Stored data entries:
════
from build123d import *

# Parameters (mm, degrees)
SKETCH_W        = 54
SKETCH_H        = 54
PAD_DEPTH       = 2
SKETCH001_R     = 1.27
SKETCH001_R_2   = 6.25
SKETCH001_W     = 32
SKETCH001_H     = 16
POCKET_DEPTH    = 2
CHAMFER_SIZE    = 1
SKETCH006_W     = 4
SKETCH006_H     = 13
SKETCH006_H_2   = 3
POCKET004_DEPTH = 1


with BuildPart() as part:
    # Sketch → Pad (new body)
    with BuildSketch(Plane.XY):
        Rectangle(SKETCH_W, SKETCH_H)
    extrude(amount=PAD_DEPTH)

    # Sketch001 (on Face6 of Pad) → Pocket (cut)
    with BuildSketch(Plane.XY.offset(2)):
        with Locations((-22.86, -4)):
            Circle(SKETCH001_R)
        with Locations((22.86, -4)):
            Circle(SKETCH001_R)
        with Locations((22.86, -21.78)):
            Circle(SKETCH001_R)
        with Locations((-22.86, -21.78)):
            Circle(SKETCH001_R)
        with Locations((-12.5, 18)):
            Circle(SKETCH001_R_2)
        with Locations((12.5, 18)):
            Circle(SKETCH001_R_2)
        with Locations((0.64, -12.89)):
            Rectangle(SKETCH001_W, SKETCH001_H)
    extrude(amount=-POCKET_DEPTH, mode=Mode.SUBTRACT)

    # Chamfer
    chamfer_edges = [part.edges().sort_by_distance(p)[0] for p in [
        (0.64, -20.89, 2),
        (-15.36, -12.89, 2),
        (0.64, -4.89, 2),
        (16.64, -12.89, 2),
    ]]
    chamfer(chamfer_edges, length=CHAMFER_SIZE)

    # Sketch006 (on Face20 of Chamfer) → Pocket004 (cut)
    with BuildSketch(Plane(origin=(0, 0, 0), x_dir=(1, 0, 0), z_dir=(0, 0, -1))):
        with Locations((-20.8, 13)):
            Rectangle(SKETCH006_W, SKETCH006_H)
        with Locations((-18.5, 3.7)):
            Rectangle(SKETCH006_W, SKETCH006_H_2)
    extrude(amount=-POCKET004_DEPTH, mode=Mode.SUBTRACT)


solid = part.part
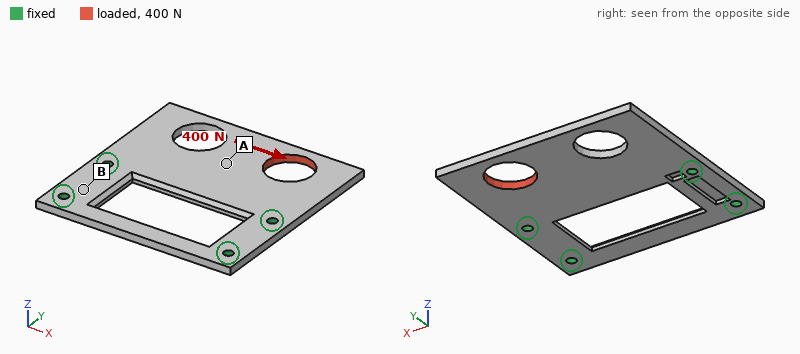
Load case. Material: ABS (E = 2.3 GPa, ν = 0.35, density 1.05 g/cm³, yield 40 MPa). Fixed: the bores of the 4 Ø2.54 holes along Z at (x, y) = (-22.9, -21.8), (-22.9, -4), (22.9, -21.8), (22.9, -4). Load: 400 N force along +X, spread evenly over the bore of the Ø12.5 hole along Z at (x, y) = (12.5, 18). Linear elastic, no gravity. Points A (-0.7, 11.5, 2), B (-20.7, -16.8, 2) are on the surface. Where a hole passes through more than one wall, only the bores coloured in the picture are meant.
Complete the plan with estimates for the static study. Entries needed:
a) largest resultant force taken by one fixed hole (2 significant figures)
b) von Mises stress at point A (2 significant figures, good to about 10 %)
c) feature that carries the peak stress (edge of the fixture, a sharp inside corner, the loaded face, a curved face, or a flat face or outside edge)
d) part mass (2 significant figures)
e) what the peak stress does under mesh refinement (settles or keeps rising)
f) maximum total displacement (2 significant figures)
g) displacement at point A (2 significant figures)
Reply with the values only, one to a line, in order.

270 N
7.6 MPa
edge of the fixture
4.4 g
keeps rising
0.40 mm
0.14 mm
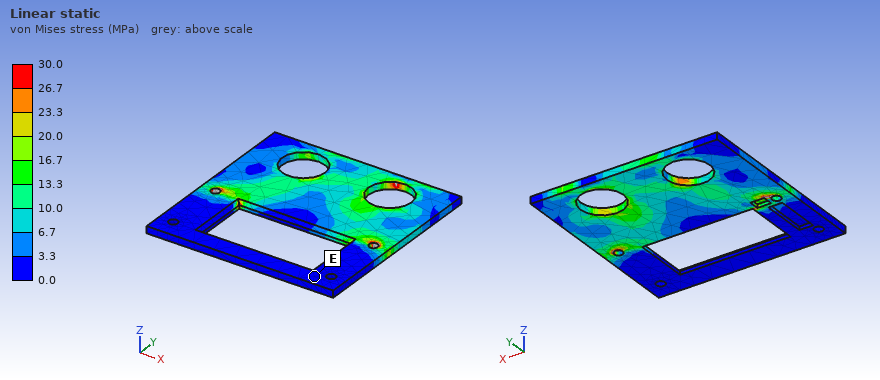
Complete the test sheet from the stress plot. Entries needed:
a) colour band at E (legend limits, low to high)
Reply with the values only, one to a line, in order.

0.0 to 3.3 MPa
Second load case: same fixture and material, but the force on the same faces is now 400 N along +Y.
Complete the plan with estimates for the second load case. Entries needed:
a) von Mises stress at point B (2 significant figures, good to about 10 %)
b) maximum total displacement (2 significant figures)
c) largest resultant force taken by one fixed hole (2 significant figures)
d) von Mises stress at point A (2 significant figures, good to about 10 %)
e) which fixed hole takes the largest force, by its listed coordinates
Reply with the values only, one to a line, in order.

2.7 MPa
0.23 mm
280 N
5.4 MPa
(22.9, -4)
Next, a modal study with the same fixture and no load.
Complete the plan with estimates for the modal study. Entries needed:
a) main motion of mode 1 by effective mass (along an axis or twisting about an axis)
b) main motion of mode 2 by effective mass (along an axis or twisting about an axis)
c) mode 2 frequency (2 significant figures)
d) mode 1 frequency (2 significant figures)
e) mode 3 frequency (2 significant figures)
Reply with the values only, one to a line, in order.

along Z
twisting about Y
810 Hz
400 Hz
1200 Hz
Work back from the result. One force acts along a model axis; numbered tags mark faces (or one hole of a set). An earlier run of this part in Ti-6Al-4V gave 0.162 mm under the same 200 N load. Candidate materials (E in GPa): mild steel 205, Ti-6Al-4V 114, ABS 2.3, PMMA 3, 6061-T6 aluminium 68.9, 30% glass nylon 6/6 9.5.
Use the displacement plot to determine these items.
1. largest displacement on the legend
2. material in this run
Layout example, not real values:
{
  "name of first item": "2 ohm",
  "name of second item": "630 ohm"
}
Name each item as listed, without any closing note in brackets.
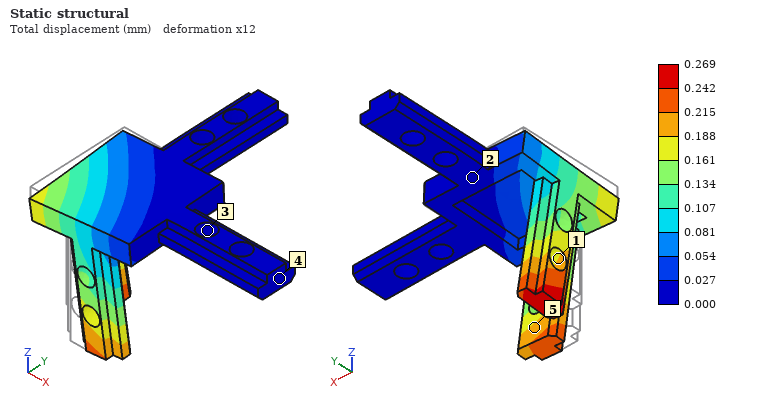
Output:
{
  "largest displacement on the legend": "0.269 mm",
  "material in this run": "6061-T6 aluminium"
}
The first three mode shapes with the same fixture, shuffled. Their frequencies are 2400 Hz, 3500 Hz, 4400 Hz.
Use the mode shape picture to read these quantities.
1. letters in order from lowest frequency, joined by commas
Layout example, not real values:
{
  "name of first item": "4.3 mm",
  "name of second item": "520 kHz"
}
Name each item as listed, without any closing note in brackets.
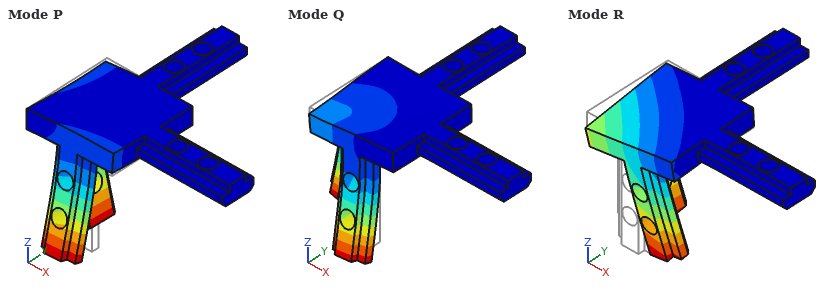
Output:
{
  "letters in order from lowest frequency, joined by commas": "R, P, Q"
}
════
Task goal. Because the pictures are not wanted, retype every record exactly without them.

Solution for this exercise.
from build123d import *

# Parameters (mm, degrees)
SKETCH_W        = 54
SKETCH_H        = 54
PAD_DEPTH       = 2
SKETCH001_R     = 1.27
SKETCH001_R_2   = 6.25
SKETCH001_W     = 32
SKETCH001_H     = 16
POCKET_DEPTH    = 2
CHAMFER_SIZE    = 1
SKETCH006_W     = 4
SKETCH006_H     = 13
SKETCH006_H_2   = 3
POCKET004_DEPTH = 1


with BuildPart() as part:
    # Sketch → Pad (new body)
    with BuildSketch(Plane.XY):
        Rectangle(SKETCH_W, SKETCH_H)
    extrude(amount=PAD_DEPTH)

    # Sketch001 (on Face6 of Pad) → Pocket (cut)
    with BuildSketch(Plane.XY.offset(2)):
        with Locations((-22.86, -4)):
            Circle(SKETCH001_R)
        with Locations((22.86, -4)):
            Circle(SKETCH001_R)
        with Locations((22.86, -21.78)):
            Circle(SKETCH001_R)
        with Locations((-22.86, -21.78)):
            Circle(SKETCH001_R)
        with Locations((-12.5, 18)):
            Circle(SKETCH001_R_2)
        with Locations((12.5, 18)):
            Circle(SKETCH001_R_2)
        with Locations((0.64, -12.89)):
            Rectangle(SKETCH001_W, SKETCH001_H)
    extrude(amount=-POCKET_DEPTH, mode=Mode.SUBTRACT)

    # Chamfer
    chamfer_edges = [part.edges().sort_by_distance(p)[0] for p in [
        (0.64, -20.89, 2),
        (-15.36, -12.89, 2),
        (0.64, -4.89, 2),
        (16.64, -12.89, 2),
    ]]
    chamfer(chamfer_edges, length=CHAMFER_SIZE)

    # Sketch006 (on Face20 of Chamfer) → Pocket004 (cut)
    with BuildSketch(Plane(origin=(0, 0, 0), x_dir=(1, 0, 0), z_dir=(0, 0, -1))):
        with Locations((-20.8, 13)):
            Rectangle(SKETCH006_W, SKETCH006_H)
        with Locations((-18.5, 3.7)):
            Rectangle(SKETCH006_W, SKETCH006_H_2)
    extrude(amount=-POCKET004_DEPTH, mode=Mode.SUBTRACT)


solid = part.part
Load case. Material: ABS (E = 2.3 GPa, ν = 0.35, density 1.05 g/cm³, yield 40 MPa). Fixed: the bores of the 4 Ø2.54 holes along Z at (x, y) = (-22.9, -21.8), (-22.9, -4), (22.9, -21.8), (22.9, -4). Load: 400 N force along +X, spread evenly over the bore of the Ø12.5 hole along Z at (x, y) = (12.5, 18). Linear elastic, no gravity. Points A (-0.7, 11.5, 2), B (-20.7, -16.8, 2) are on the surface. Where a hole passes through more than one wall, only the bores coloured in the picture are meant.
Complete the plan with estimates for the static study. Entries needed:
a) largest resultant force taken by one fixed hole (2 significant figures)
b) von Mises stress at point A (2 significant figures, good to about 10 %)
c) feature that carries the peak stress (edge of the fixture, a sharp inside corner, the loaded face, a curved face, or a flat face or outside edge)
d) part mass (2 significant figures)
e) what the peak stress does under mesh refinement (settles or keeps rising)
f) maximum total displacement (2 significant figures)
g) displacement at point A (2 significant figures)
Reply with the values only, one to a line, in order.

270 N
7.6 MPa
edge of the fixture
4.4 g
keeps rising
0.40 mm
0.14 mm
Complete the test sheet from the stress plot. Entries needed:
a) colour band at E (legend limits, low to high)
Reply with the values only, one to a line, in order.

0.0 to 3.3 MPa
Second load case: same fixture and material, but the force on the same faces is now 400 N along +Y.
Complete the plan with estimates for the second load case. Entries needed:
a) von Mises stress at point B (2 significant figures, good to about 10 %)
b) maximum total displacement (2 significant figures)
c) largest resultant force taken by one fixed hole (2 significant figures)
d) von Mises stress at point A (2 significant figures, good to about 10 %)
e) which fixed hole takes the largest force, by its listed coordinates
Reply with the values only, one to a line, in order.

2.7 MPa
0.23 mm
280 N
5.4 MPa
(22.9, -4)
Next, a modal study with the same fixture and no load.
Complete the plan with estimates for the modal study. Entries needed:
a) main motion of mode 1 by effective mass (along an axis or twisting about an axis)
b) main motion of mode 2 by effective mass (along an axis or twisting about an axis)
c) mode 2 frequency (2 significant figures)
d) mode 1 frequency (2 significant figures)
e) mode 3 frequency (2 significant figures)
Reply with the values only, one to a line, in order.

along Z
twisting about Y
810 Hz
400 Hz
1200 Hz
Work back from the result. One force acts along a model axis; numbered tags mark faces (or one hole of a set). An earlier run of this part in Ti-6Al-4V gave 0.162 mm under the same 200 N load. Candidate materials (E in GPa): mild steel 205, Ti-6Al-4V 114, ABS 2.3, PMMA 3, 6061-T6 aluminium 68.9, 30% glass nylon 6/6 9.5.
Use the displacement plot to determine these items.
1. largest displacement on the legend
2. material in this run
Layout example, not real values:
{
  "name of first item": "2 ohm",
  "name of second item": "630 ohm"
}
Name each item as listed, without any closing note in brackets.
Output:
{
  "largest displacement on the legend": "0.269 mm",
  "material in this run": "6061-T6 aluminium"
}
The first three mode shapes with the same fixture, shuffled. Their frequencies are 2400 Hz, 3500 Hz, 4400 Hz.
Use the mode shape picture to read these quantities.
1. letters in order from lowest frequency, joined by commas
Layout example, not real values:
{
  "name of first item": "4.3 mm",
  "name of second item": "520 kHz"
}
Name each item as listed, without any closing note in brackets.
Output:
{
  "letters in order from lowest frequency, joined by commas": "R, P, Q"
}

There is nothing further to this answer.